Objective To investigate the regulatory effect of melanin nanoparticle (MNP) pretreatment on mitochondrial transfer from bone marrow mesenchymal stem cells (BMSCs), as well as its protective effect and potential mechanisms in enhancing BMSC-mediated protection of neurons injured by ischemia and hypoxia.

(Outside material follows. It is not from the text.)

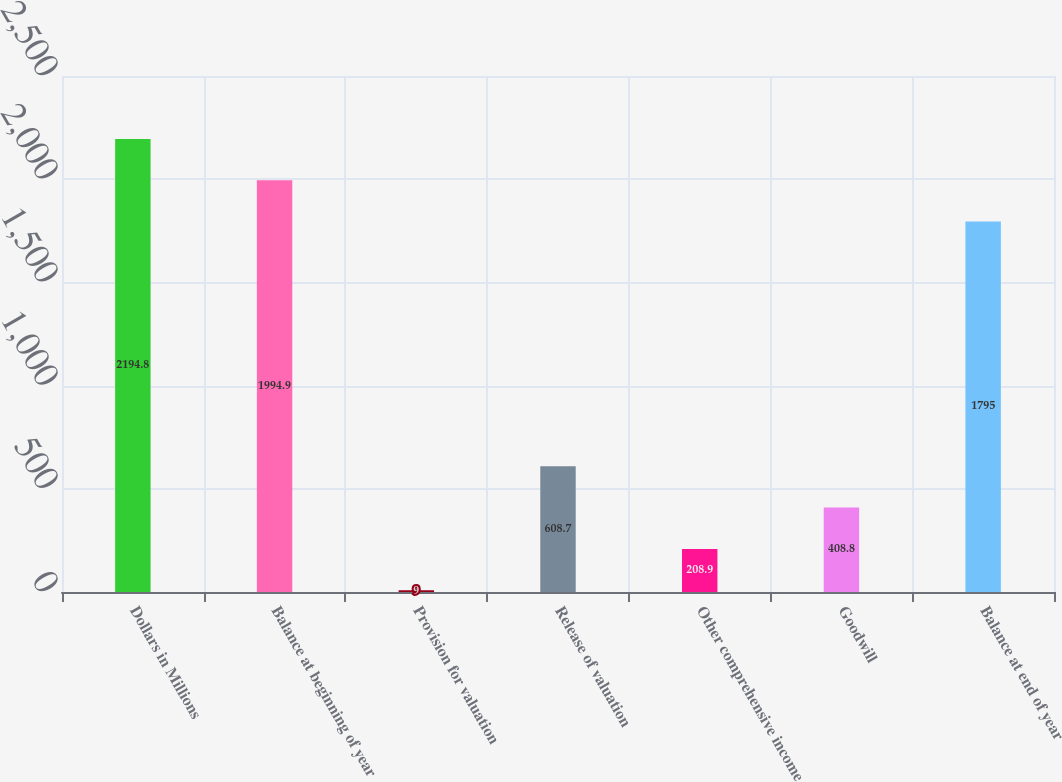<chart> <loc_0><loc_0><loc_500><loc_500><bar_chart><fcel>Dollars in Millions<fcel>Balance at beginning of year<fcel>Provision for valuation<fcel>Release of valuation<fcel>Other comprehensive income<fcel>Goodwill<fcel>Balance at end of year<nl><fcel>2194.8<fcel>1994.9<fcel>9<fcel>608.7<fcel>208.9<fcel>408.8<fcel>1795<nl></chart> 
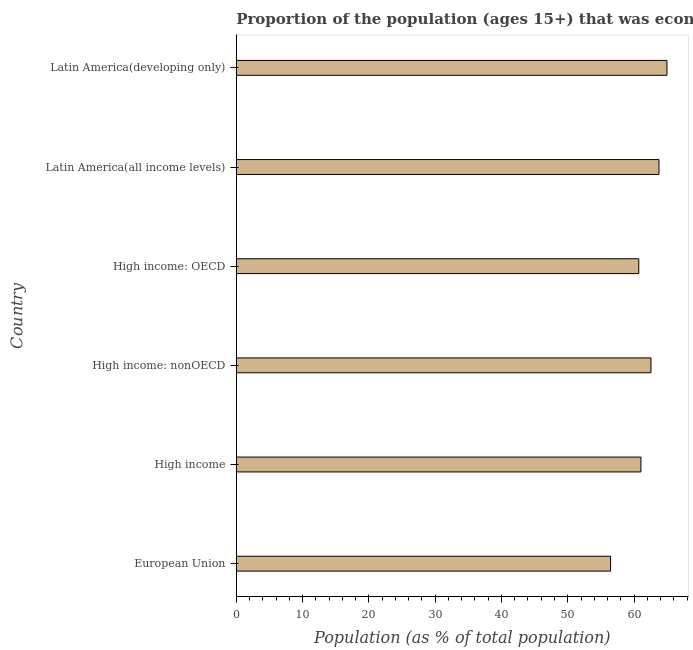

Methods Primary cortical neurons were treated with oxygen-glucose deprivation (OGD) to establish an in vitro ischemic injury model. The neurons were randomly divided into seven groups: the Normal control group, OGD group, OGD + MNPs group, OGD + BMSCs group, OGD + MNPs-BMSCs group, Transwell + BMSCs group, and Transwell + MNPs-BMSCs group. MitoTracker Green/Red dual-label tracing combined with laser confocal microscopy and flow cytometry was used to quantitatively analyze the efficiency of intercellular mitochondrial transfer. Neuronal cell viability, reactive oxygen species (ROS), malondialdehyde (MDA), superoxide dismutase (SOD), and levels of the key metabolites of the pentose phosphate pathway, reduced nicotinamide adenine dinucleotide phosphate (NADPH) and reduced glutathione (GSH), were measured in each group. Western blotting was used to detect changes in the expression of translocase of outer mitochondrial membrane 20 (TOMM20), mitofusin 2 (MFN2), and dynamin-related protein 1 (DRP1).

Results Compared with the OGD + BMSCs group, the OGD + MNPs-BMSCs group showed increased neuronal viability (P ＜ 0.0001). MNP pretreatment increased the efficiency of mitochondrial transfer from BMSCs to neurons by 1.6-fold (P ＜ 0.05), and this process depended on direct intercellular contact, as the transfer efficiency decreased after physical separation by Transwell (P ＜ 0.05). Mechanistically, compared with the OGD group, neurons in the OGD + MNPs-BMSCs group showed decreased ROS and MDA levels and increased SOD activity (all P ＜ 0.05). Metabolic activity of the pentose phosphate pathway was enhanced, and NADPH and GSH levels were increased (both P ＜ 0.05). The expression levels of the mitochondrial dynamics-related proteins TOMM20 and MFN2 were upregulated, while DRP1 expression was downregulated (all P ＜ 0.05).

Conclusions MNPs can promote functional mitochondrial transfer from BMSCs to neurons injured by ischemia and hypoxia, thereby enhancing endogenous antioxidant capacity in neurons, activating metabolic homeostasis of the pentose phosphate pathway, and improving mitochondrial fusion-fission imbalance and biogenesis impairment, ultimately exerting a synergistic neuroprotective effect.